# [TRY IT]
Set down each line of the data below exactly as it stands, dropping the pictures.

# [STUDY MATERIAL]
──────
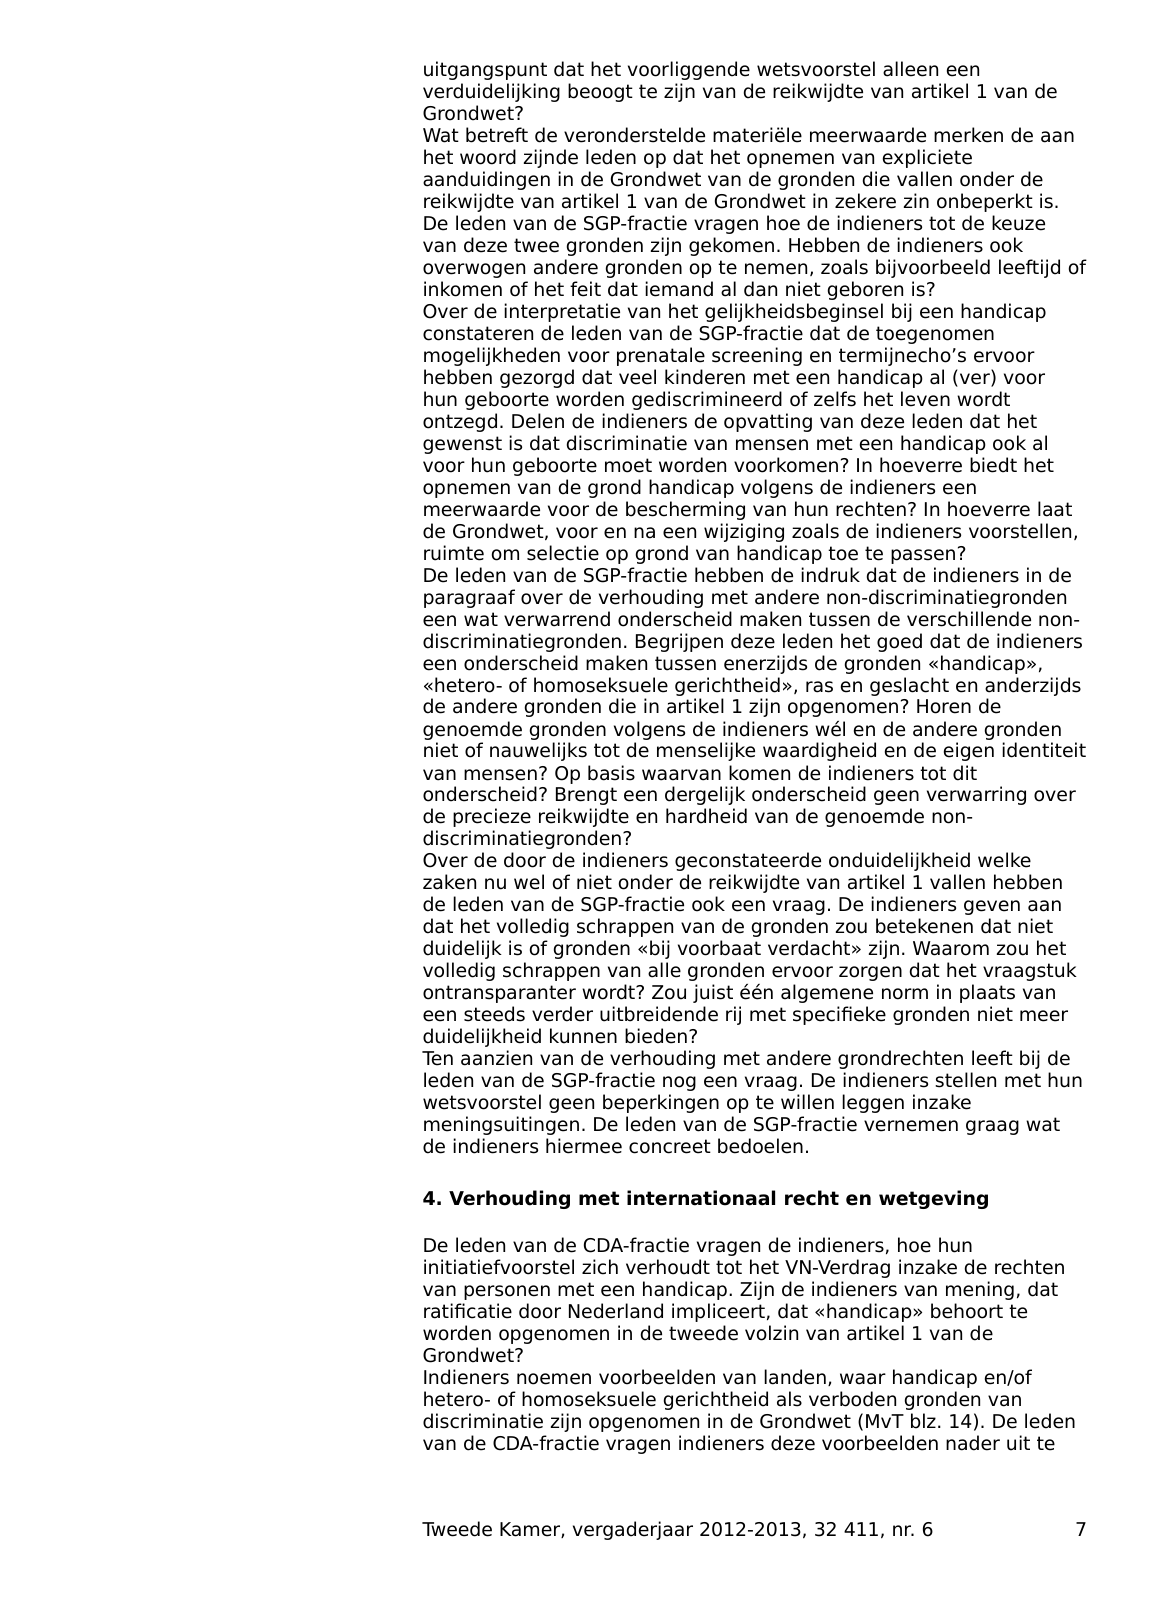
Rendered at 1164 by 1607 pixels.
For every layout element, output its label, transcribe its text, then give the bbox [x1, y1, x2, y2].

text uitgangspunt dat het voorliggende wetsvoorstel alleen een verduidelijking beoogt te zijn van de reikwijdte van artikel 1 van de Grondwet? [422, 59, 1087, 125]
text Indieners noemen voorbeelden van landen, waar handicap en/of hetero- of homoseksuele gerichtheid als verboden gronden van discriminatie zijn opgenomen in de Grondwet (MvT blz. 14). De leden van de CDA-fractie vragen indieners deze voorbeelden nader uit te [422, 1367, 1087, 1455]
text De leden van de SGP-fractie hebben de indruk dat de indieners in de paragraaf over de verhouding met andere non-discriminatiegronden een wat verwarrend onderscheid maken tussen de verschillende non-discriminatiegronden. Begrijpen deze leden het goed dat de indieners een onderscheid maken tussen enerzijds de gronden «handicap», «hetero- of homoseksuele gerichtheid», ras en geslacht en anderzijds de andere gronden die in artikel 1 zijn opgenomen? Horen de genoemde gronden volgens de indieners wél en de andere gronden niet of nauwelijks tot de menselijke waardigheid en de eigen identiteit van mensen? Op basis waarvan komen de indieners tot dit onderscheid? Brengt een dergelijk onderscheid geen verwarring over de precieze reikwijdte en hardheid van de genoemde non-discriminatiegronden? [422, 564, 1087, 850]
text Wat betreft de veronderstelde materiële meerwaarde merken de aan het woord zijnde leden op dat het opnemen van expliciete aanduidingen in de Grondwet van de gronden die vallen onder de reikwijdte van artikel 1 van de Grondwet in zekere zin onbeperkt is. De leden van de SGP-fractie vragen hoe de indieners tot de keuze van deze twee gronden zijn gekomen. Hebben de indieners ook overwogen andere gronden op te nemen, zoals bijvoorbeeld leeftijd of inkomen of het feit dat iemand al dan niet geboren is? [422, 125, 1087, 301]
subtitle 4. Verhouding met internationaal recht en wetgeving [422, 1188, 1087, 1210]
text Over de interpretatie van het gelijkheidsbeginsel bij een handicap constateren de leden van de SGP-fractie dat de toegenomen mogelijkheden voor prenatale screening en termijnecho’s ervoor hebben gezorgd dat veel kinderen met een handicap al (ver) voor hun geboorte worden gediscrimineerd of zelfs het leven wordt ontzegd. Delen de indieners de opvatting van deze leden dat het gewenst is dat discriminatie van mensen met een handicap ook al voor hun geboorte moet worden voorkomen? In hoeverre biedt het opnemen van de grond handicap volgens de indieners een meerwaarde voor de bescherming van hun rechten? In hoeverre laat de Grondwet, voor en na een wijziging zoals de indieners voorstellen, ruimte om selectie op grond van handicap toe te passen? [422, 301, 1087, 564]
text De leden van de CDA-fractie vragen de indieners, hoe hun initiatiefvoorstel zich verhoudt tot het VN-Verdrag inzake de rechten van personen met een handicap. Zijn de indieners van mening, dat ratificatie door Nederland impliceert, dat «handicap» behoort te worden opgenomen in de tweede volzin van artikel 1 van de Grondwet? [422, 1235, 1087, 1367]
text Over de door de indieners geconstateerde onduidelijkheid welke zaken nu wel of niet onder de reikwijdte van artikel 1 vallen hebben de leden van de SGP-fractie ook een vraag. De indieners geven aan dat het volledig schrappen van de gronden zou betekenen dat niet duidelijk is of gronden «bij voorbaat verdacht» zijn. Waarom zou het volledig schrappen van alle gronden ervoor zorgen dat het vraagstuk ontransparanter wordt? Zou juist één algemene norm in plaats van een steeds verder uitbreidende rij met specifieke gronden niet meer duidelijkheid kunnen bieden? [422, 850, 1087, 1048]
text Ten aanzien van de verhouding met andere grondrechten leeft bij de leden van de SGP-fractie nog een vraag. De indieners stellen met hun wetsvoorstel geen beperkingen op te willen leggen inzake meningsuitingen. De leden van de SGP-fractie vernemen graag wat de indieners hiermee concreet bedoelen. [422, 1048, 1087, 1158]
──────
# [ANSWER FOR THE TASK]
Rendered at 1164 by 1607 pixels.
For every layout element, output its label, transcribe its text, then give the bbox [x1, y1, x2, y2].

text uitgangspunt dat het voorliggende wetsvoorstel alleen een verduidelijking beoogt te zijn van de reikwijdte van artikel 1 van de Grondwet? [422, 59, 1087, 125]
text Indieners noemen voorbeelden van landen, waar handicap en/of hetero- of homoseksuele gerichtheid als verboden gronden van discriminatie zijn opgenomen in de Grondwet (MvT blz. 14). De leden van de CDA-fractie vragen indieners deze voorbeelden nader uit te [422, 1367, 1087, 1455]
text De leden van de SGP-fractie hebben de indruk dat de indieners in de paragraaf over de verhouding met andere non-discriminatiegronden een wat verwarrend onderscheid maken tussen de verschillende non-discriminatiegronden. Begrijpen deze leden het goed dat de indieners een onderscheid maken tussen enerzijds de gronden «handicap», «hetero- of homoseksuele gerichtheid», ras en geslacht en anderzijds de andere gronden die in artikel 1 zijn opgenomen? Horen de genoemde gronden volgens de indieners wél en de andere gronden niet of nauwelijks tot de menselijke waardigheid en de eigen identiteit van mensen? Op basis waarvan komen de indieners tot dit onderscheid? Brengt een dergelijk onderscheid geen verwarring over de precieze reikwijdte en hardheid van de genoemde non-discriminatiegronden? [422, 564, 1087, 850]
text Wat betreft de veronderstelde materiële meerwaarde merken de aan het woord zijnde leden op dat het opnemen van expliciete aanduidingen in de Grondwet van de gronden die vallen onder de reikwijdte van artikel 1 van de Grondwet in zekere zin onbeperkt is. De leden van de SGP-fractie vragen hoe de indieners tot de keuze van deze twee gronden zijn gekomen. Hebben de indieners ook overwogen andere gronden op te nemen, zoals bijvoorbeeld leeftijd of inkomen of het feit dat iemand al dan niet geboren is? [422, 125, 1087, 301]
subtitle 4. Verhouding met internationaal recht en wetgeving [422, 1188, 1087, 1210]
text Over de interpretatie van het gelijkheidsbeginsel bij een handicap constateren de leden van de SGP-fractie dat de toegenomen mogelijkheden voor prenatale screening en termijnecho’s ervoor hebben gezorgd dat veel kinderen met een handicap al (ver) voor hun geboorte worden gediscrimineerd of zelfs het leven wordt ontzegd. Delen de indieners de opvatting van deze leden dat het gewenst is dat discriminatie van mensen met een handicap ook al voor hun geboorte moet worden voorkomen? In hoeverre biedt het opnemen van de grond handicap volgens de indieners een meerwaarde voor de bescherming van hun rechten? In hoeverre laat de Grondwet, voor en na een wijziging zoals de indieners voorstellen, ruimte om selectie op grond van handicap toe te passen? [422, 301, 1087, 564]
text De leden van de CDA-fractie vragen de indieners, hoe hun initiatiefvoorstel zich verhoudt tot het VN-Verdrag inzake de rechten van personen met een handicap. Zijn de indieners van mening, dat ratificatie door Nederland impliceert, dat «handicap» behoort te worden opgenomen in de tweede volzin van artikel 1 van de Grondwet? [422, 1235, 1087, 1367]
text Over de door de indieners geconstateerde onduidelijkheid welke zaken nu wel of niet onder de reikwijdte van artikel 1 vallen hebben de leden van de SGP-fractie ook een vraag. De indieners geven aan dat het volledig schrappen van de gronden zou betekenen dat niet duidelijk is of gronden «bij voorbaat verdacht» zijn. Waarom zou het volledig schrappen van alle gronden ervoor zorgen dat het vraagstuk ontransparanter wordt? Zou juist één algemene norm in plaats van een steeds verder uitbreidende rij met specifieke gronden niet meer duidelijkheid kunnen bieden? [422, 850, 1087, 1048]
text Ten aanzien van de verhouding met andere grondrechten leeft bij de leden van de SGP-fractie nog een vraag. De indieners stellen met hun wetsvoorstel geen beperkingen op te willen leggen inzake meningsuitingen. De leden van de SGP-fractie vernemen graag wat de indieners hiermee concreet bedoelen. [422, 1048, 1087, 1158]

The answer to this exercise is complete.